Following the pointers in an ebay tech blog and a datastax developers blog, I model some event log data in Cassandra 1.2. As a partition key, I use “ddmmyyhh|bucket”, where bucket is any number between 0 and the number of nodes in the cluster.
The Data model
cqlsh:Log> CREATE TABLE transactions (yymmddhh varchar, bucket int, rId int, created timeuuid, data map, PRIMARY KEY((yymmddhh, bucket), created) );
(rId identifies the resource that fired the event.) (map is are key value pairs derived from a JSON; keys change, but not much)
I assume that this translates into a composite primary/row key with X buckets per hours. My column names are than timeuuids. Querying this data model works as expected (I can query time ranges.)

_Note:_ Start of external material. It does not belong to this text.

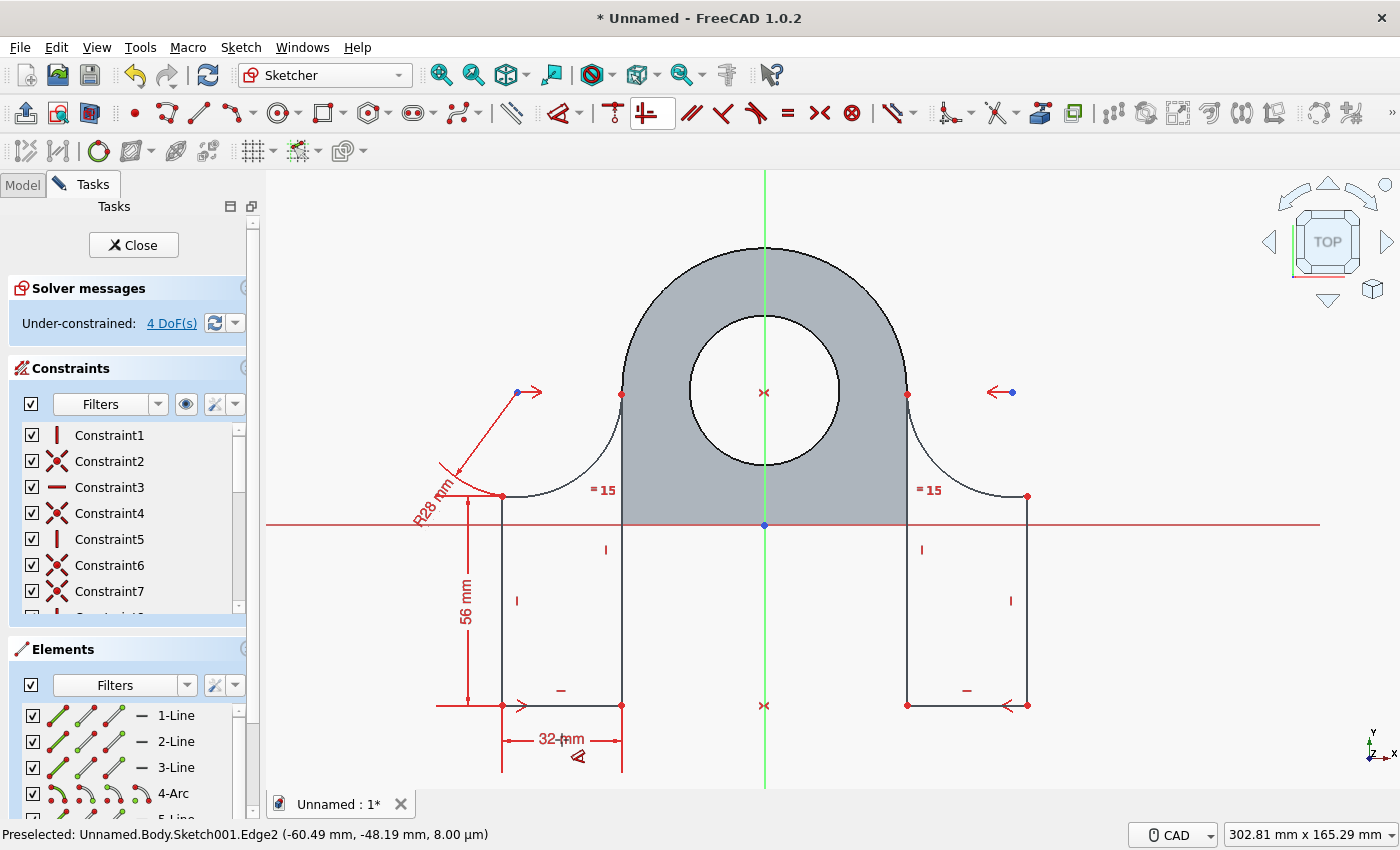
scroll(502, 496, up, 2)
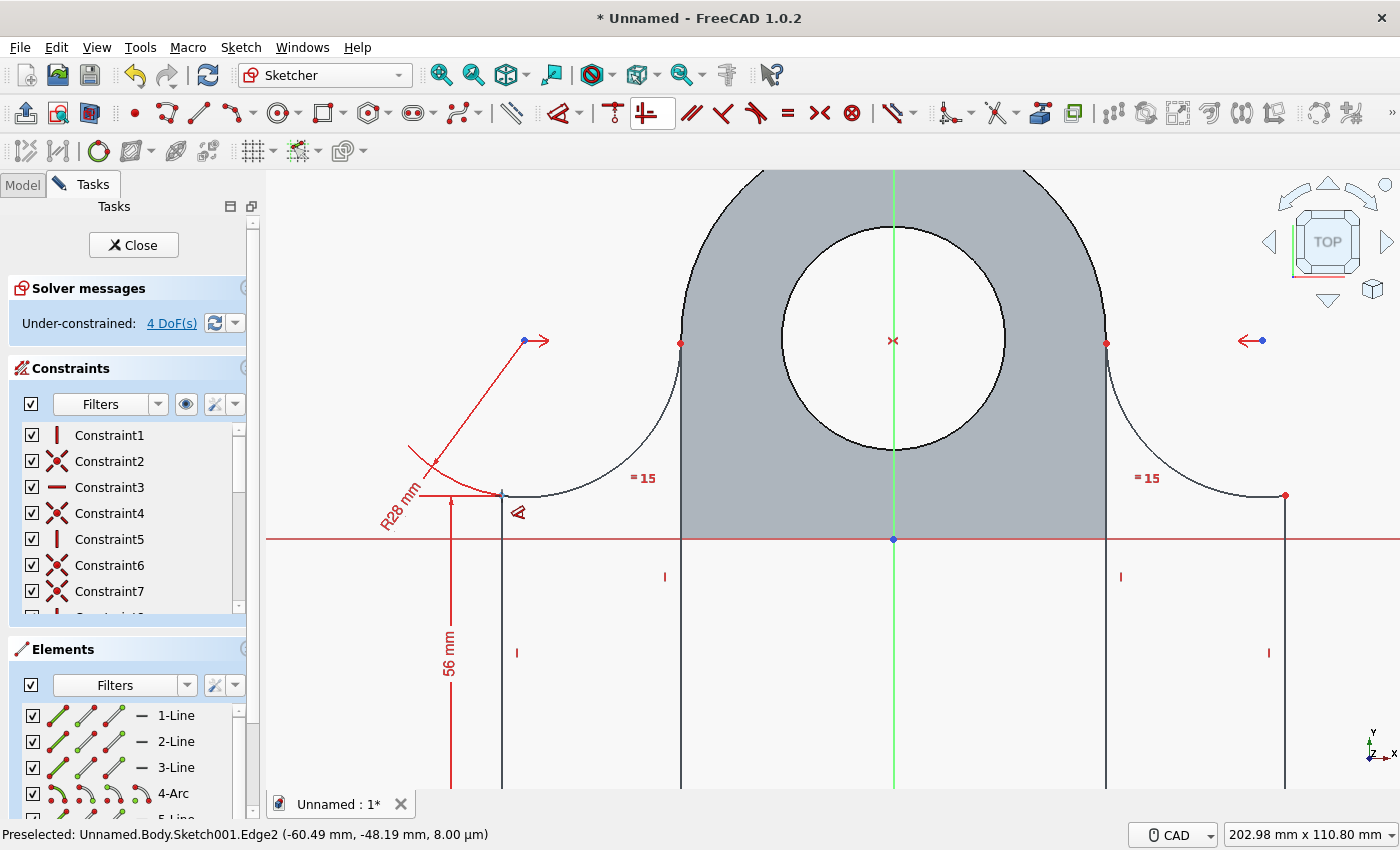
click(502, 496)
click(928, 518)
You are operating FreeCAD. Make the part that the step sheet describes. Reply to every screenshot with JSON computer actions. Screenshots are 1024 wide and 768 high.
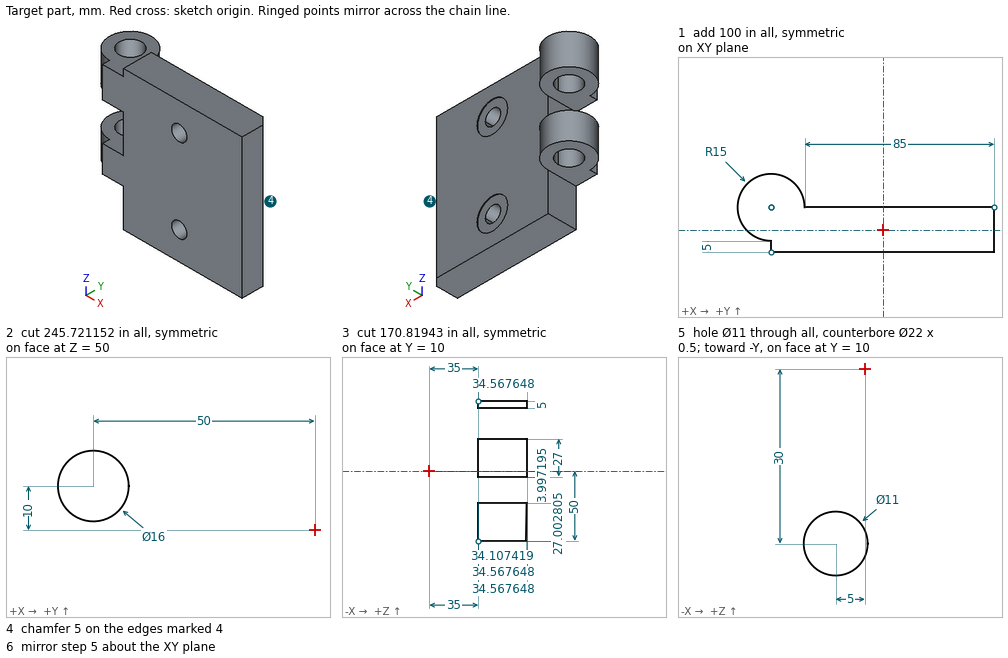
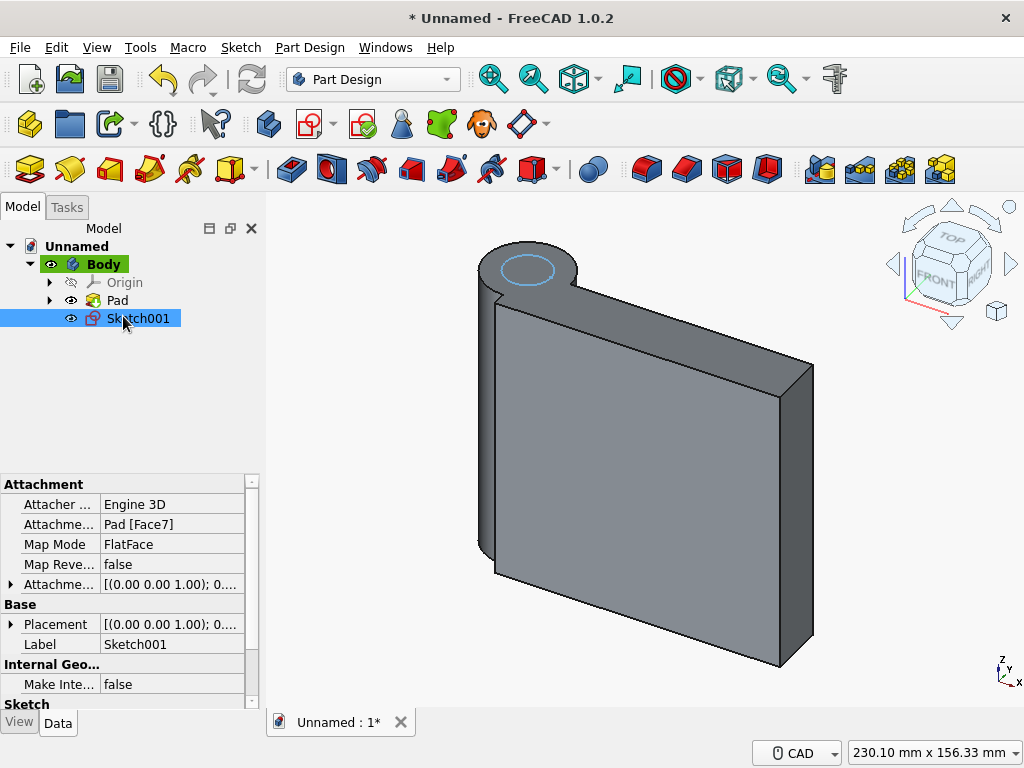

The problem is the performance: the time to insert a new row increases continuously. So I am doing s.th. wrong, but can't pinpoint the problem.
When I use the timeuuid as a part of the row key, the performance remains stable on a high level, but this would prevent me from querying it (a query without the row key of course throws an error message about "filtering").
Any help? Thanks!
UPDATE
Switching from the map data-type to a predefined column names alleviates the problem. Insert times now seem to remain at around <0.005s per insert.
The core question remains: How is my usage of the "map" datatype in efficient? And what would be an efficient way for thousands of inserts with only slight variation in the keys.
My keys I use data into the map mostly remain the same. I understood the datastax documentation (can't post link due to reputation limitations, sorry, but easy to find) to say that each key creates an additional column -- or does it create one new column per "map"?? That would be... hard to believe to me.